- [Work to be completed]: Among the entries below, find every line that has "response" and pull it out.
+---+
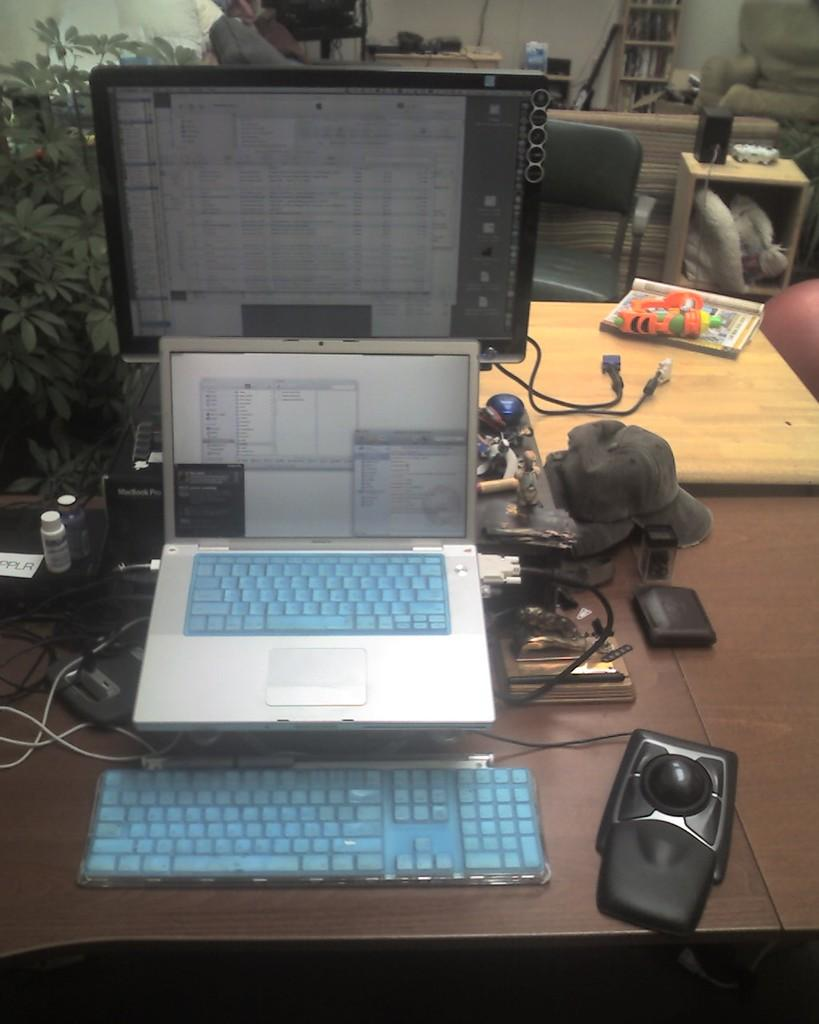What electronic devices are on the table in the image? There is a monitor and a laptop on the table in the image. What other items can be seen on the table? There are bottles, wires, a cap, a purse, a toy, and a book on the table. What can be seen in the background of the image? There are trees, chairs, a rack, a sofa, and a speaker in the background. How does the image show an increase in the number of dad's losses? The image does not show any information about dad or losses; it features a table with various objects and a background with furniture and a speaker. 
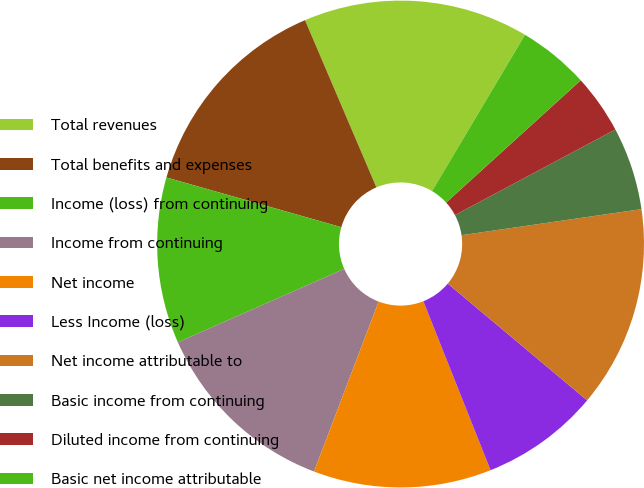<chart> <loc_0><loc_0><loc_500><loc_500><pie_chart><fcel>Total revenues<fcel>Total benefits and expenses<fcel>Income (loss) from continuing<fcel>Income from continuing<fcel>Net income<fcel>Less Income (loss)<fcel>Net income attributable to<fcel>Basic income from continuing<fcel>Diluted income from continuing<fcel>Basic net income attributable<nl><fcel>14.96%<fcel>14.17%<fcel>11.02%<fcel>12.6%<fcel>11.81%<fcel>7.87%<fcel>13.39%<fcel>5.51%<fcel>3.94%<fcel>4.72%<nl></chart> 
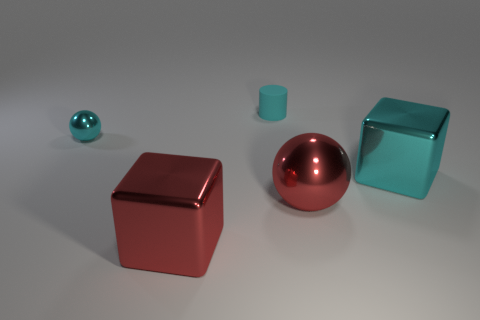Are there fewer shiny objects on the right side of the cyan ball than red shiny cubes?
Your answer should be very brief. No. What is the color of the metal object on the right side of the large red shiny object that is behind the large thing left of the rubber cylinder?
Your answer should be very brief. Cyan. Is there anything else that has the same material as the cyan sphere?
Your response must be concise. Yes. There is a red shiny object that is the same shape as the small cyan metallic object; what is its size?
Provide a short and direct response. Large. Are there fewer large shiny things left of the big cyan thing than tiny cyan metallic things that are behind the cylinder?
Make the answer very short. No. There is a large shiny thing that is both to the left of the big cyan block and on the right side of the small cyan cylinder; what shape is it?
Offer a terse response. Sphere. There is another ball that is the same material as the cyan sphere; what is its size?
Provide a short and direct response. Large. Do the big ball and the thing behind the tiny cyan sphere have the same color?
Give a very brief answer. No. What is the large object that is both in front of the cyan cube and right of the matte cylinder made of?
Provide a succinct answer. Metal. There is a sphere that is the same color as the tiny rubber cylinder; what size is it?
Your response must be concise. Small. 
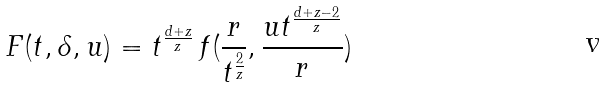<formula> <loc_0><loc_0><loc_500><loc_500>F ( t , \delta , u ) = t ^ { \frac { d + z } { z } } \, f ( \frac { r } { t ^ { \frac { 2 } { z } } } , \frac { u t ^ { \frac { d + z - 2 } { z } } } { r } )</formula> 
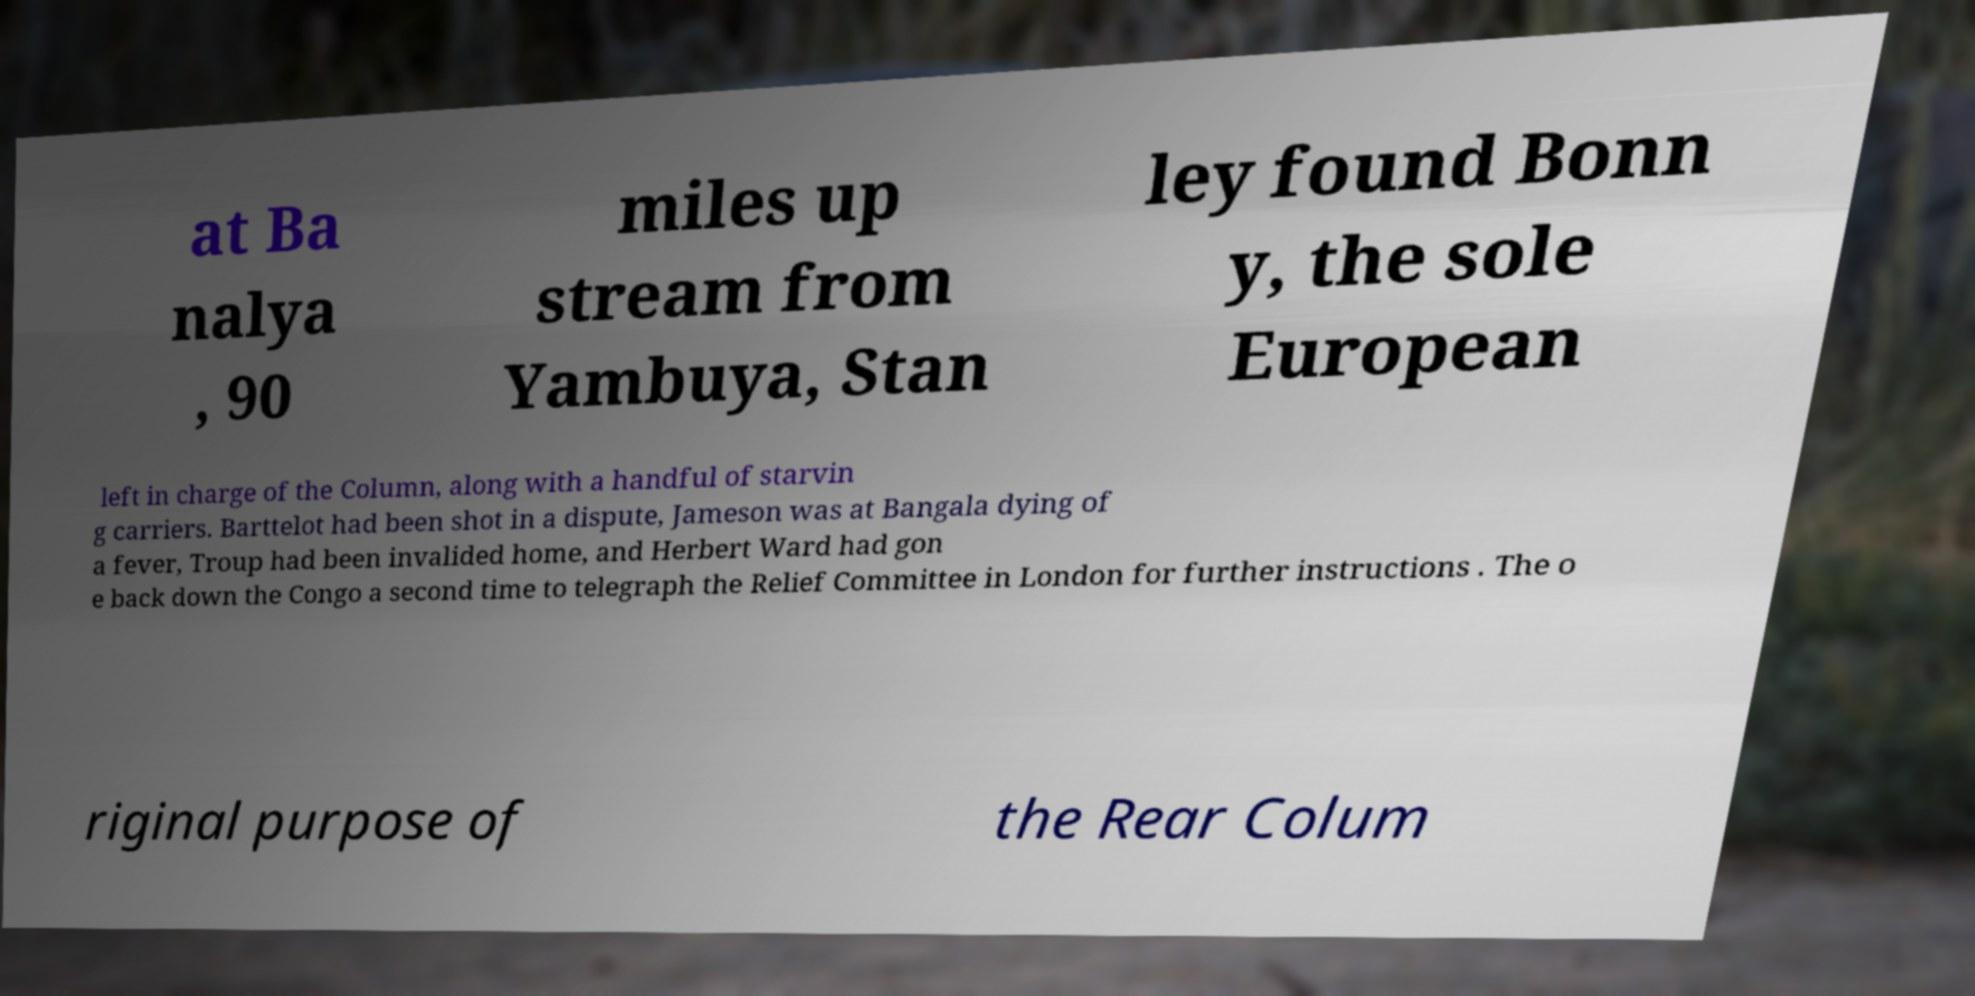There's text embedded in this image that I need extracted. Can you transcribe it verbatim? at Ba nalya , 90 miles up stream from Yambuya, Stan ley found Bonn y, the sole European left in charge of the Column, along with a handful of starvin g carriers. Barttelot had been shot in a dispute, Jameson was at Bangala dying of a fever, Troup had been invalided home, and Herbert Ward had gon e back down the Congo a second time to telegraph the Relief Committee in London for further instructions . The o riginal purpose of the Rear Colum 
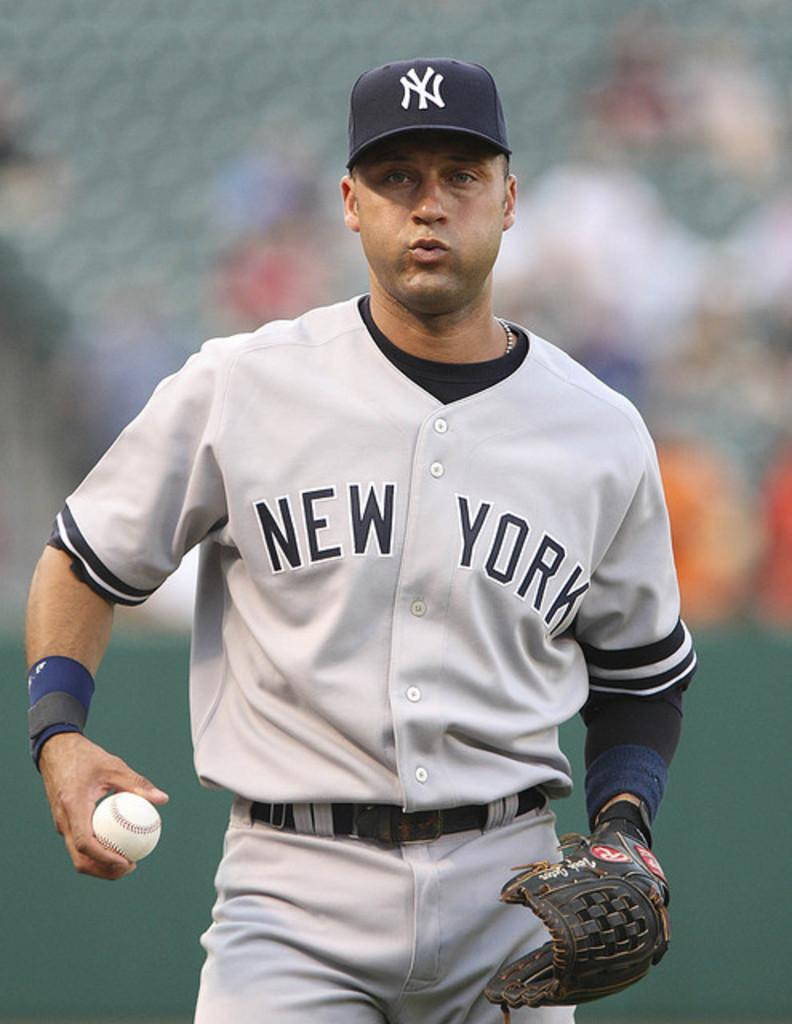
+---+
- [Your solution]:
Your response must be concise. Yes. There is a red shiny object that is the same shape as the small cyan metallic object; what is its size?
Provide a short and direct response. Large. Are there fewer large shiny things left of the big cyan thing than tiny cyan metallic things that are behind the cylinder?
Offer a terse response. Sphere. There is another ball that is the same material as the cyan sphere; what is its size?
Provide a short and direct response. Large. Do the big ball and the thing behind the tiny cyan sphere have the same color?
Your response must be concise. Small. 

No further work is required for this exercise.